Israel, yang mengumumkan pengepungan total terhadap Gaza pada awal perang, sejak itu mengizinkan masuknya truk bantuan melalui perbatasan Rafah dengan Mesir dan pada minggu ini, penyeberangan Kerem Shalom mulai dibuka.

Program Pangan Dunia (WFP) PBB mengatakan pada hari Rabu bahwa mereka telah mengirimkan makanan melalui Kerem Shalom dalam konvoi bantuan langsung pertama dari Yordania di tengah jutaan orang menghadapi risiko kelaparan.
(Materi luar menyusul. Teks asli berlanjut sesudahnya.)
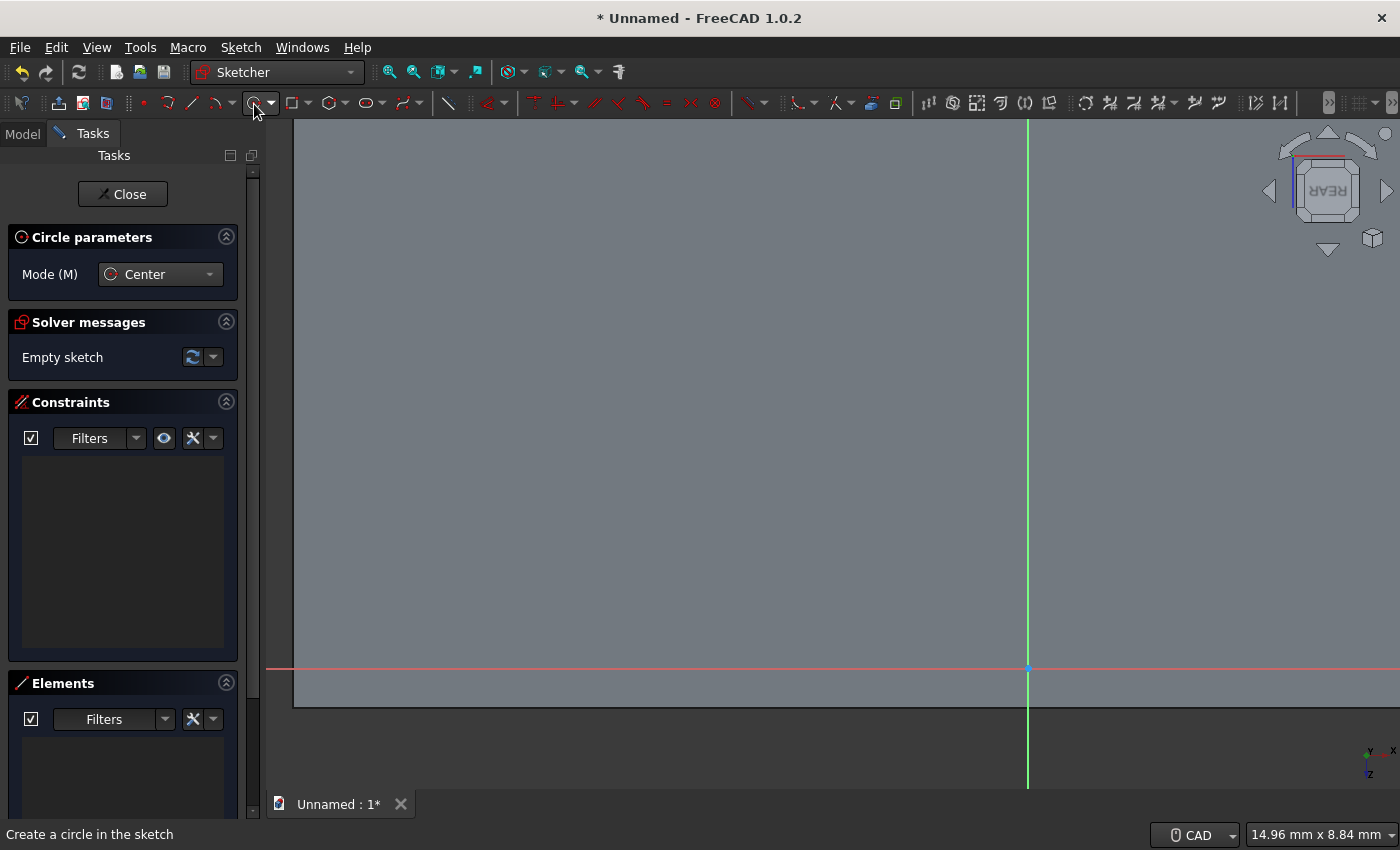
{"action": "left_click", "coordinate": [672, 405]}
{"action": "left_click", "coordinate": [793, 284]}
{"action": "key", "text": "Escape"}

Bahan bakar, air dan pasokan medis juga langka, penyakit menyebar, dan komunikasi berulang kali terputus.

Sebuah badan militer Israel, COGAT, mengatakan pihaknya telah mulai memasang pipa dari Mesir untuk mengalirkan air minum dari pabrik desalinasi bergerak, dalam sebuah proyek yang dipimpin Uni Emirat Arab.

Ketika mengunjungi Siprus pada hari Rabu, Menteri Luar Negeri Israel Eli Cohen menyatakan dukungannya terhadap rencana pengiriman bantuan kemanusiaan ke Gaza dari pulau Mediterania.

“Kami bertujuan untuk menciptakan jalur cepat bagi bantuan kemanusiaan ke Gaza melalui koridor ini,” katanya kepada wartawan.

Perang Gaza telah memicu ketakutan akan eskalasi regional, karena terjadi baku tembak di perbatasan Lebanon, dan rudal dari kelompok Houthi di Yaman yang didukung Iran mengganggu pengiriman logistik pelayaran di Laut Merah.